I think there are many different voices, and perhaps you're not able to distinguish between them. I would never classify Xenakis in with the real dissonant careerist composers. I think people who have ears to hear can tell the difference. Do you merely accept everything the "academy" says is great music or art?


----------



## eugeneonagain (May 14, 2017)

As far as I can tell the 'iconoclasts' seem to have a much narrower palette than "the academy".


----------



## ZJovicic (Feb 26, 2017)

I find Xenakis piece very fine.


----------



## arpeggio (Oct 4, 2012)

regenmusic said:


> I think there are many different voices, and perhaps you're not able to distinguish between them. I would never classify Xenakis in with the real dissonant careerist composers. I think people who have ears to hear can tell the difference. Do you merely accept everything the "academy" says is great music or art?


I apologize for giving the members the impression that I do not acknowledge the many "voices" here.

The only way I can respond to some of the above observations is to say that many of them clash with my real life experiences as an amateur musician.

Like the above remark about the classical pianist and Rautavaara.
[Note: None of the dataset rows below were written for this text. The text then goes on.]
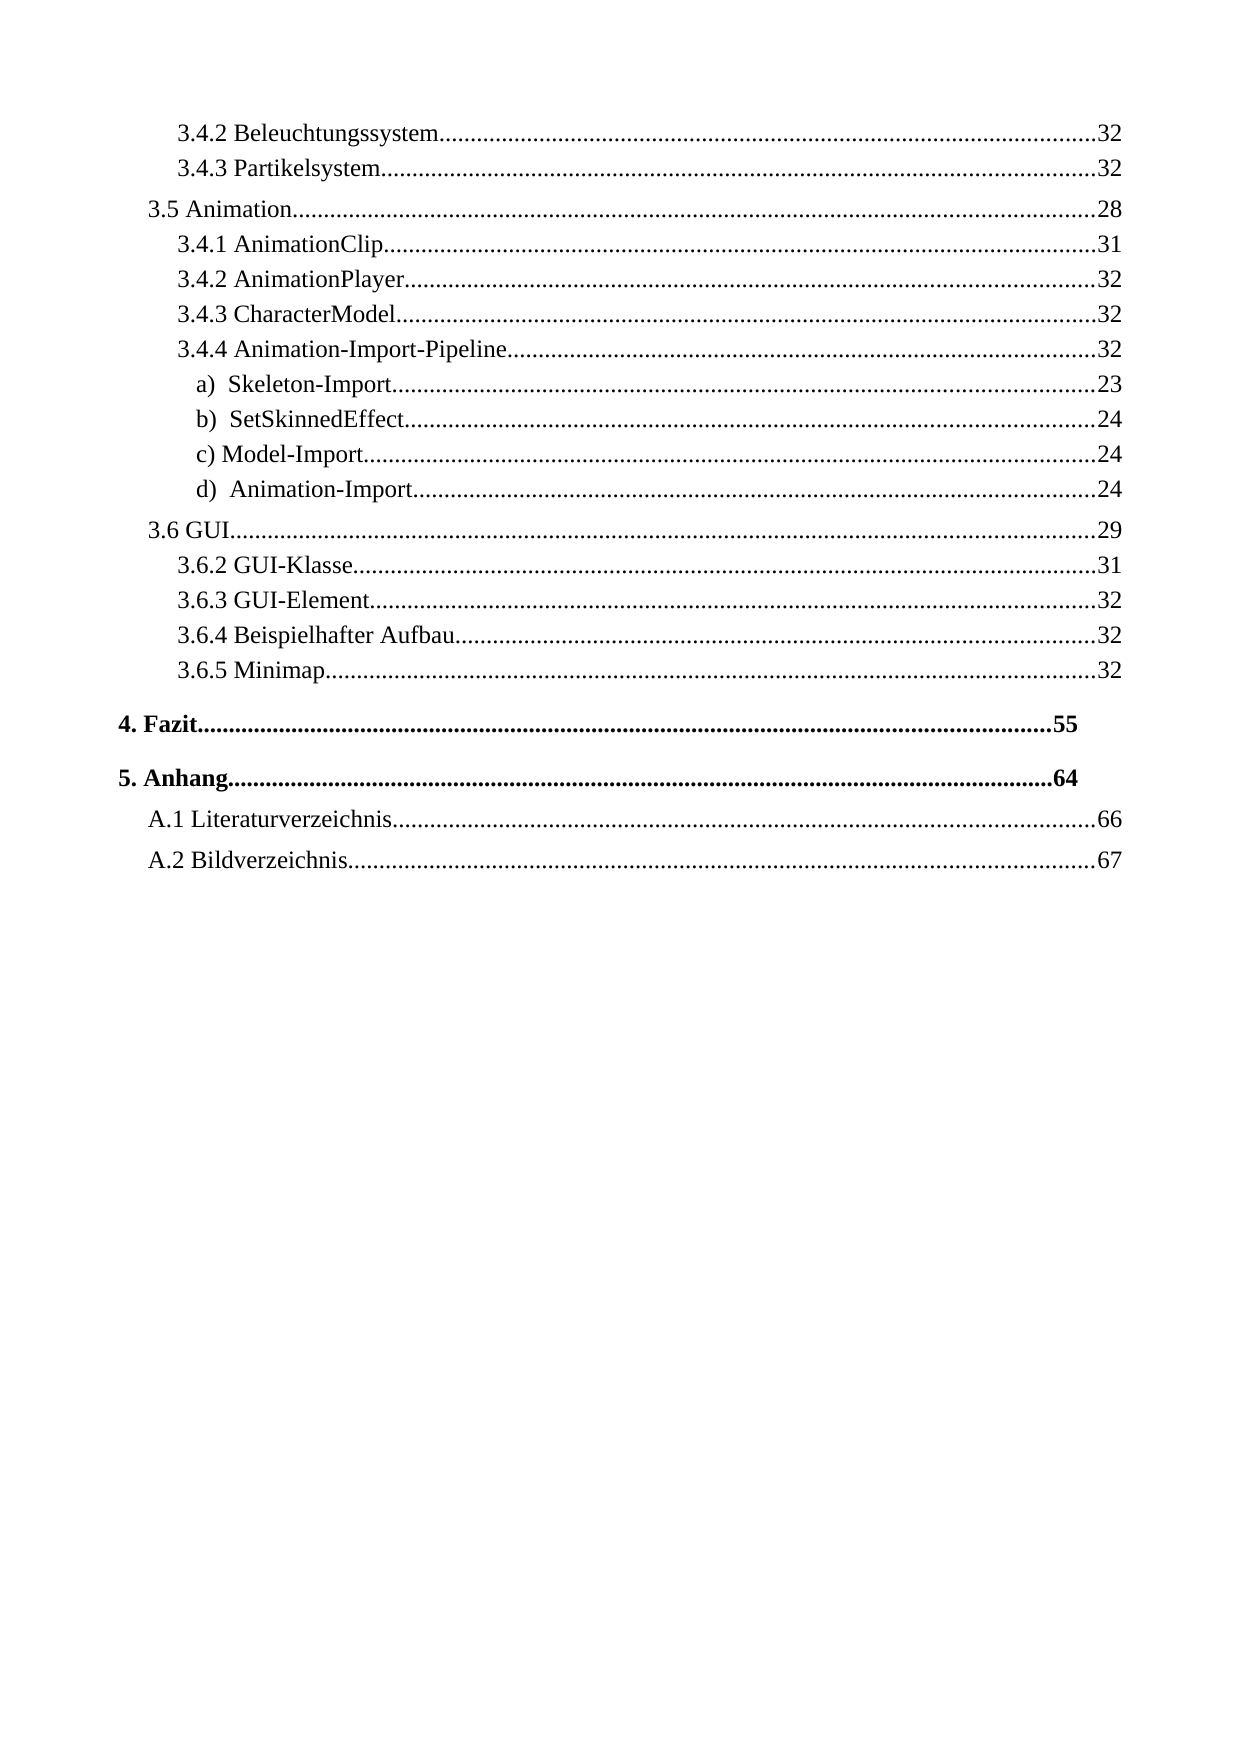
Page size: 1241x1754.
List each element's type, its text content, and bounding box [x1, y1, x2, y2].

text 3.4.3 Partikelsystem 32 [177, 153, 1122, 182]
text 3.4.1 AnimationClip 31 [177, 229, 1122, 258]
text 3.4.4 Animation-Import-Pipeline 32 [177, 334, 1122, 363]
text b) SetSkinnedEffect 24 [177, 404, 1122, 433]
text 4. Fazit 55 [118, 709, 1078, 738]
text c) Model-Import 24 [177, 439, 1122, 468]
text d) Animation-Import 24 [177, 474, 1122, 503]
text A.1 Literaturverzeichnis 66 [148, 804, 1122, 833]
text 3.6.5 Minimap 32 [177, 656, 1122, 684]
text 3.6 GUI 29 [148, 516, 1122, 544]
text 5. Anhang 64 [118, 763, 1078, 792]
text 3.6.3 GUI-Element 32 [177, 586, 1122, 614]
text 3.4.2 AnimationPlayer 32 [177, 264, 1122, 293]
text a) Skeleton-Import 23 [177, 369, 1122, 398]
text 3.6.4 Beispielhafter Aufbau 32 [177, 621, 1122, 649]
text 3.6.2 GUI-Klasse 31 [177, 551, 1122, 579]
text 3.4.3 CharacterModel 32 [177, 299, 1122, 328]
text 3.4.2 Beleuchtungssystem 32 [177, 118, 1122, 147]
text 3.5 Animation 28 [148, 194, 1122, 223]
text A.2 Bildverzeichnis 67 [148, 846, 1122, 874]
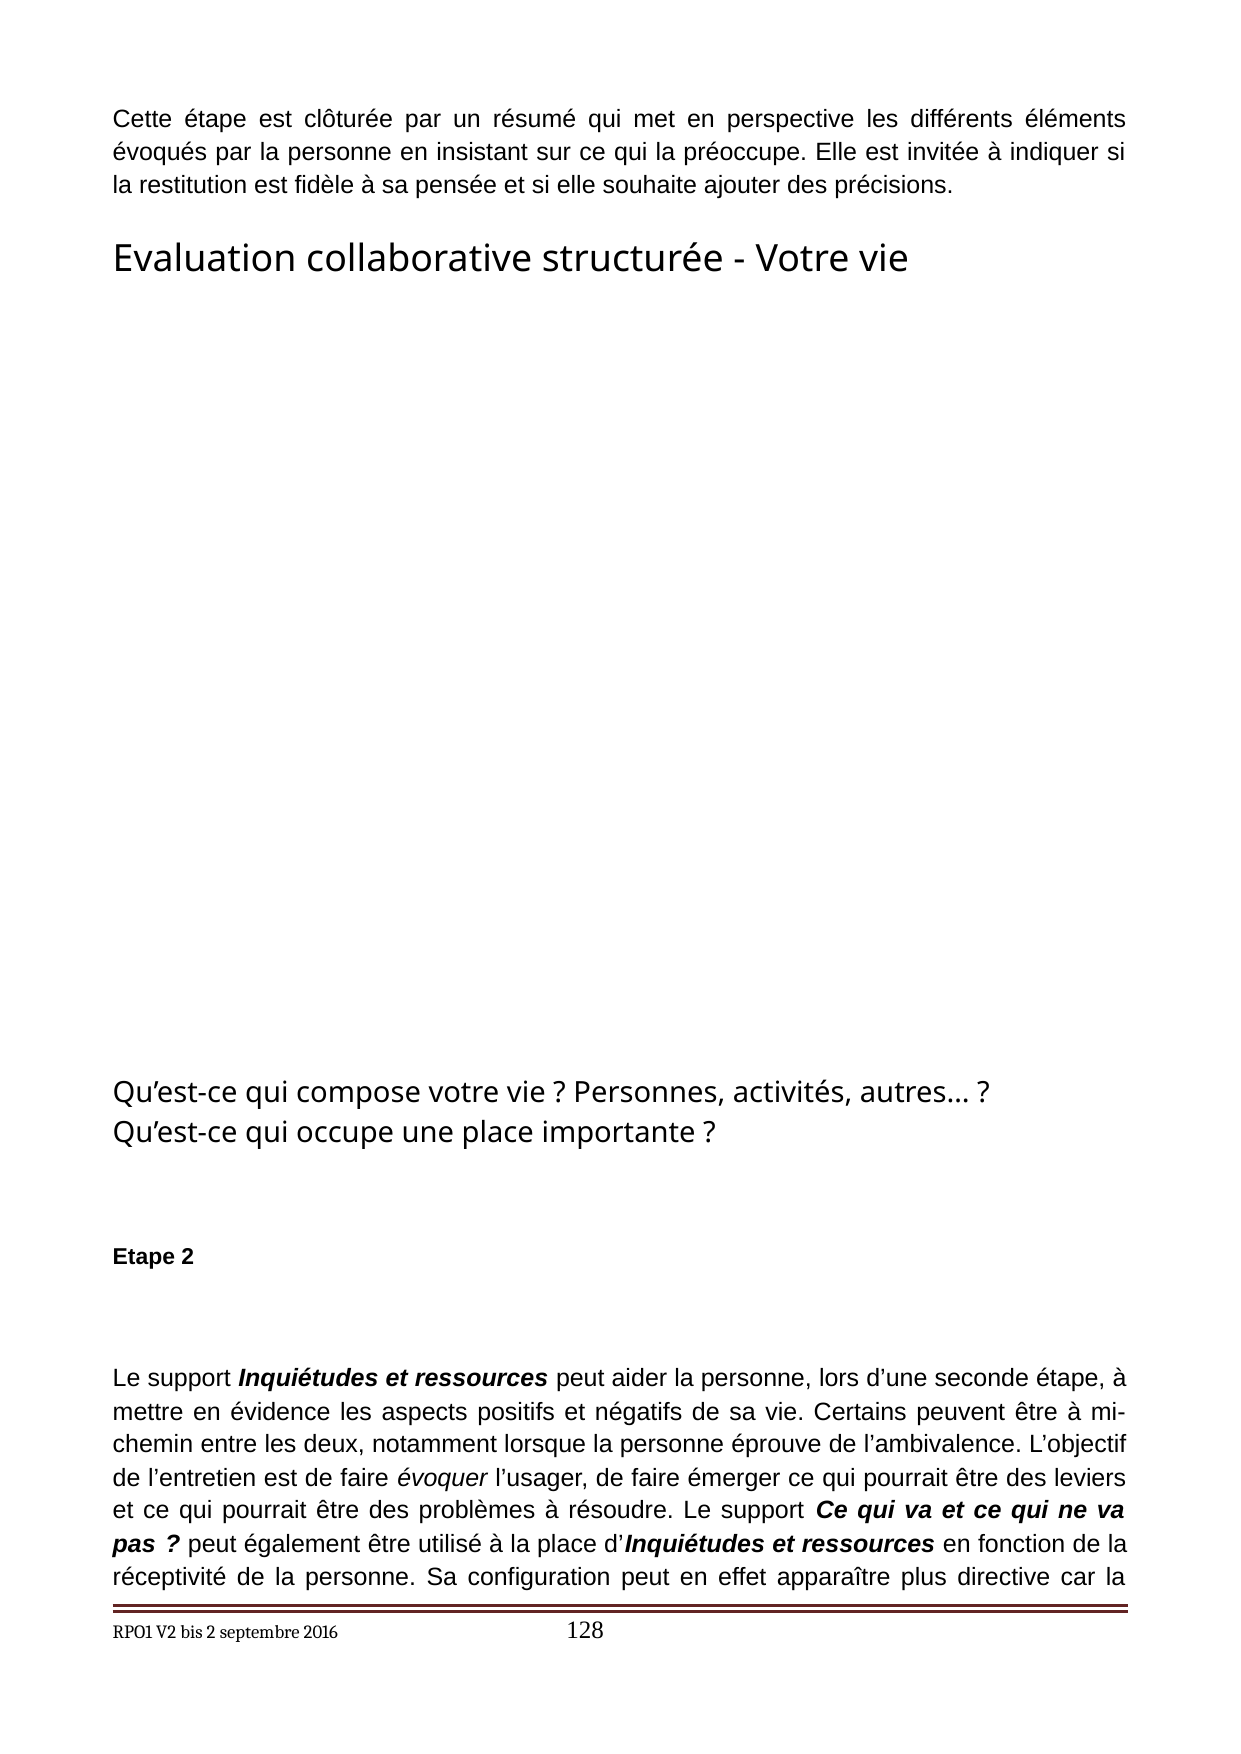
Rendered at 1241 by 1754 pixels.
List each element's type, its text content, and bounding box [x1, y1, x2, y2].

text Qu’est-ce qui occupe une place importante ? [112, 1111, 1128, 1151]
text Moi [112, 436, 1128, 487]
text Le support Inquiétudes et ressources peut aider la personne, lors d’une seconde étape, à mettre en évidence les aspects positifs et négatifs de sa vie. Certains peuvent être à mi-chemin entre les deux, notamment lorsque la personne éprouve de l’ambivalence. L’objectif de l’entretien est de faire évoquer l’usager, de faire émerger ce qui pourrait être des leviers et ce qui pourrait être des problèmes à résoudre. Le support Ce qui va et ce qui ne va pas ? peut également être utilisé à la place d’Inquiétudes et ressources en fonction de la réceptivité de la personne. Sa configuration peut en effet apparaître plus directive car la [112, 1363, 1128, 1590]
text Qu’est-ce qui compose votre vie ? Personnes, activités, autres… ? [112, 1071, 1128, 1111]
text Evaluation collaborative structurée - Votre vie [112, 232, 1128, 283]
text Cette étape est clôturée par un résumé qui met en perspective les différents éléments évoqués par la personne en insistant sur ce qui la préoccupe. Elle est invitée à indiquer si la restitution est fidèle à sa pensée et si elle souhaite ajouter des précisions. [112, 104, 1128, 198]
text Etape 2 [112, 1243, 1128, 1269]
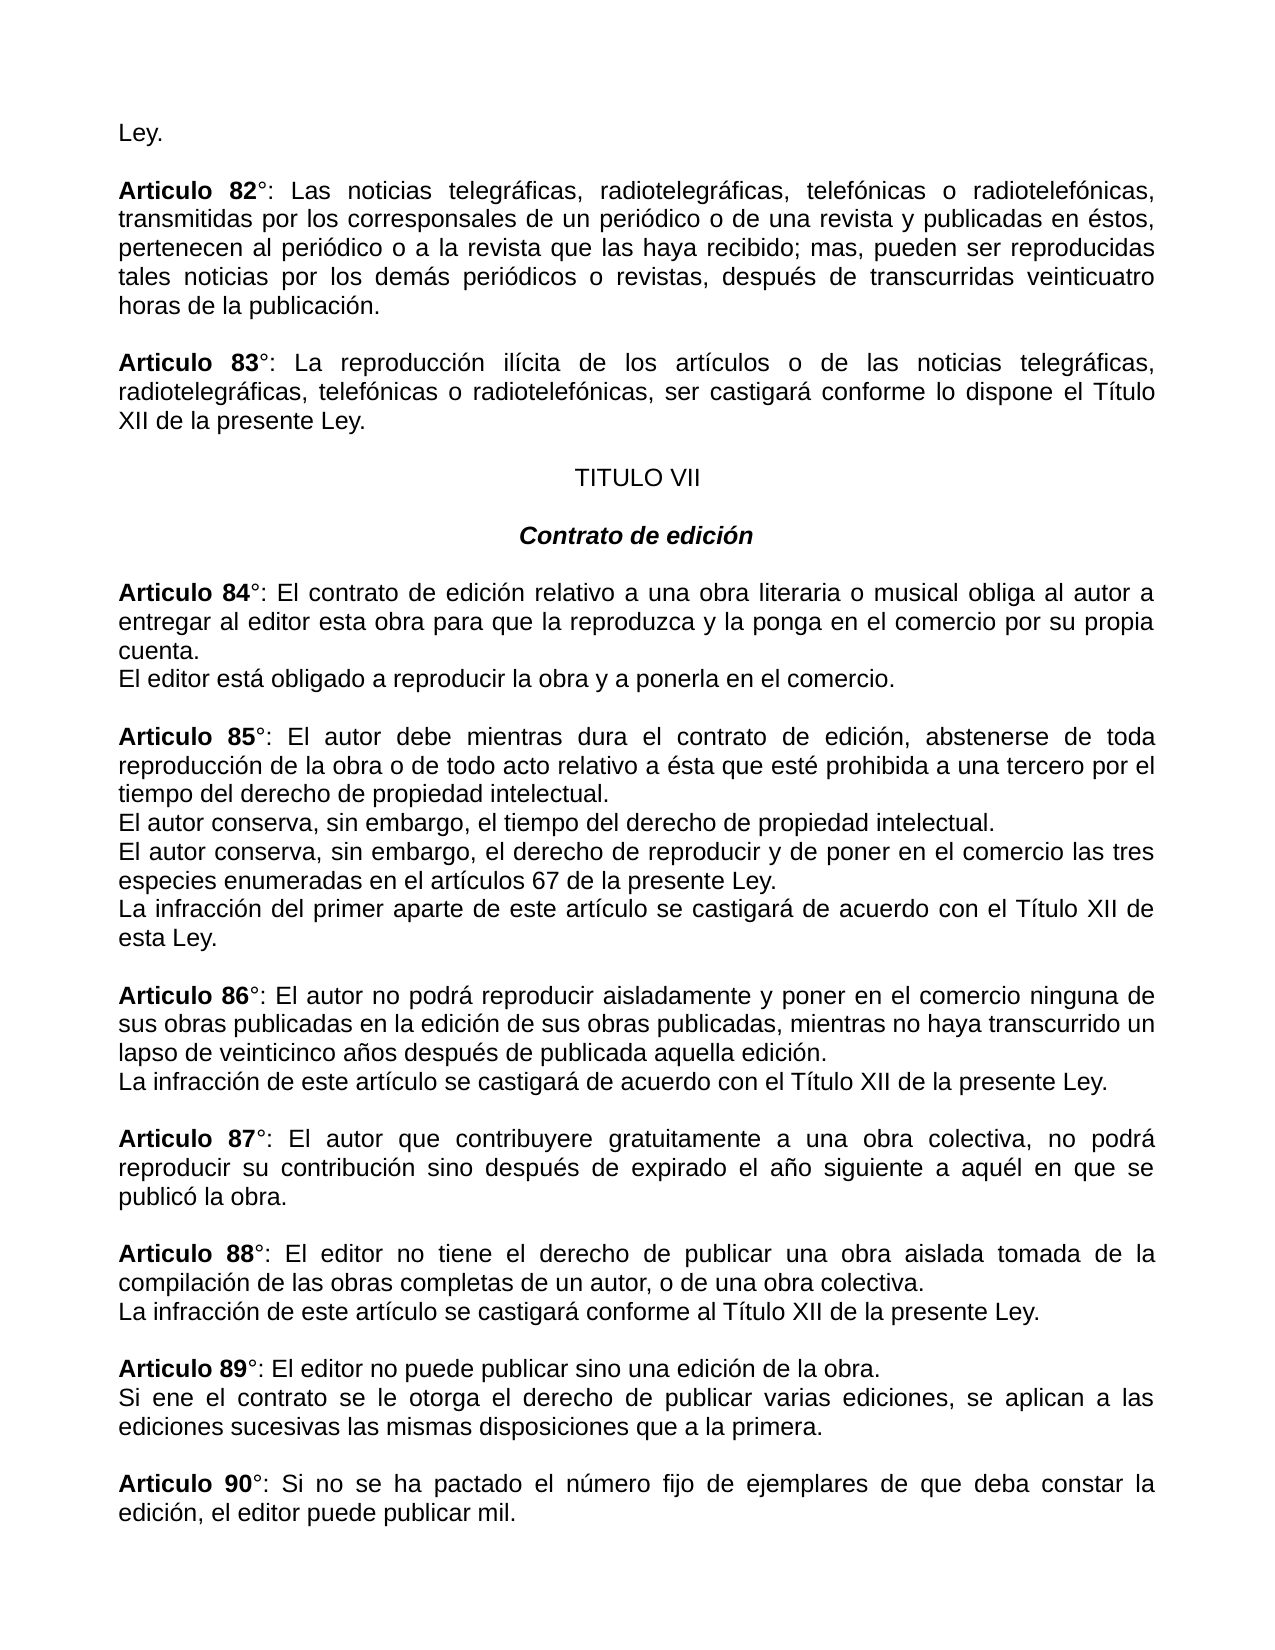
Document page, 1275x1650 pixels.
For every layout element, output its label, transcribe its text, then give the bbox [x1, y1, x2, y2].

text El editor está obligado a reproducir la obra y a ponerla en el comercio. [118, 664, 1157, 693]
text Articulo 87°: El autor que contribuyere gratuitamente a una obra colectiva, no podrá reproducir su contribución sino después de expirado el año siguiente a aquél en que se publicó la obra. [118, 1124, 1157, 1211]
text El autor conserva, sin embargo, el tiempo del derecho de propiedad intelectual. [118, 808, 1157, 837]
text Articulo 88°: El editor no tiene el derecho de publicar una obra aislada tomada de la compilación de las obras completas de un autor, o de una obra colectiva. [118, 1239, 1157, 1297]
text Articulo 83°: La reproducción ilícita de los artículos o de las noticias telegráficas, radiotelegráficas, telefónicas o radiotelefónicas, ser castigará conforme lo dispone el Título XII de la presente Ley. [118, 348, 1157, 434]
text Articulo 89°: El editor no puede publicar sino una edición de la obra. [118, 1354, 1157, 1383]
text Articulo 85°: El autor debe mientras dura el contrato de edición, abstenerse de toda reproducción de la obra o de todo acto relativo a ésta que esté prohibida a una tercero por el tiempo del derecho de propiedad intelectual. [118, 722, 1157, 808]
text El autor conserva, sin embargo, el derecho de reproducir y de poner en el comercio las tres especies enumeradas en el artículos 67 de la presente Ley. [118, 837, 1157, 894]
text Articulo 86°: El autor no podrá reproducir aisladamente y poner en el comercio ninguna de sus obras publicadas en la edición de sus obras publicadas, mientras no haya transcurrido un lapso de veinticinco años después de publicada aquella edición. [118, 981, 1157, 1067]
text Ley. [118, 118, 1157, 147]
text TITULO VII [118, 463, 1157, 492]
text Articulo 82°: Las noticias telegráficas, radiotelegráficas, telefónicas o radiotelefónicas, transmitidas por los corresponsales de un periódico o de una revista y publicadas en éstos, pertenecen al periódico o a la revista que las haya recibido; mas, pueden ser reproducidas tales noticias por los demás periódicos o revistas, después de transcurridas veinticuatro horas de la publicación. [118, 176, 1157, 319]
text La infracción del primer aparte de este artículo se castigará de acuerdo con el Título XII de esta Ley. [118, 894, 1157, 952]
text Si ene el contrato se le otorga el derecho de publicar varias ediciones, se aplican a las ediciones sucesivas las mismas disposiciones que a la primera. [118, 1383, 1157, 1441]
text Contrato de edición [118, 521, 1157, 549]
text Articulo 90°: Si no se ha pactado el número fijo de ejemplares de que deba constar la edición, el editor puede publicar mil. [118, 1469, 1157, 1527]
text La infracción de este artículo se castigará de acuerdo con el Título XII de la presente Ley. [118, 1067, 1157, 1096]
text La infracción de este artículo se castigará conforme al Título XII de la presente Ley. [118, 1297, 1157, 1326]
text Articulo 84°: El contrato de edición relativo a una obra literaria o musical obliga al autor a entregar al editor esta obra para que la reproduzca y la ponga en el comercio por su propia cuenta. [118, 578, 1157, 664]

Differences in performances happen all of the time. I recall situations when during dress rehearsal a piece of music sounded one way and it sounded different during the performance.


----------



## Phil loves classical (Feb 8, 2017)

There are many modern composers that are musical. They can hear regular common practice AND beyond. Everything in traditional common practice has been done already by the 20th Century. So the melodies became freer but not random. There were different conventions invented, which don't need to be mathematical or academic. Artists were just bored of the same old. Same thing happened with Jazz in the 60's. These composers had loads of talent. All a listener or artist needs is a natural curiosity in having things done differently.


----------



## Bulldog (Nov 21, 2013)

To me, the intent of this thread has been to find a reason why contemporary/avant garde music stinks. The reason offered is that the composers putting out this lousy music are actually non-musical. I think that reason deserves to go into the garbage bin. Although I'm not much of a fan of contemporary music, I am sufficiently astute to realize that this is just another end-around to satisfy those who hold modern music in contempt. Get over it and simply listen to and enjoy the music that gives you pleasure without throwing zingers at the music and composers you don't appreciate and/or understand. Further, the disrespect these attitudes display toward our members who do love modern music is not a pretty sight.


----------



## ZJovicic (Feb 26, 2017)

Maybe, but I've given modern music its chance. Actually the most "stinky" modern music is something that I quite often listen - for fun, or as an experiment, to see if I can eventually get it, or like it. I had no problems listening to Schoenberg Piano concerto twice in a row, listening to some Ferneyhough, etc. It's just that I have my doubts about this music even if I eventually start liking it. Even if I start liking it, after n-th listening, I am still wondering if I like it because it's actually good, or just because I got so familiar with it.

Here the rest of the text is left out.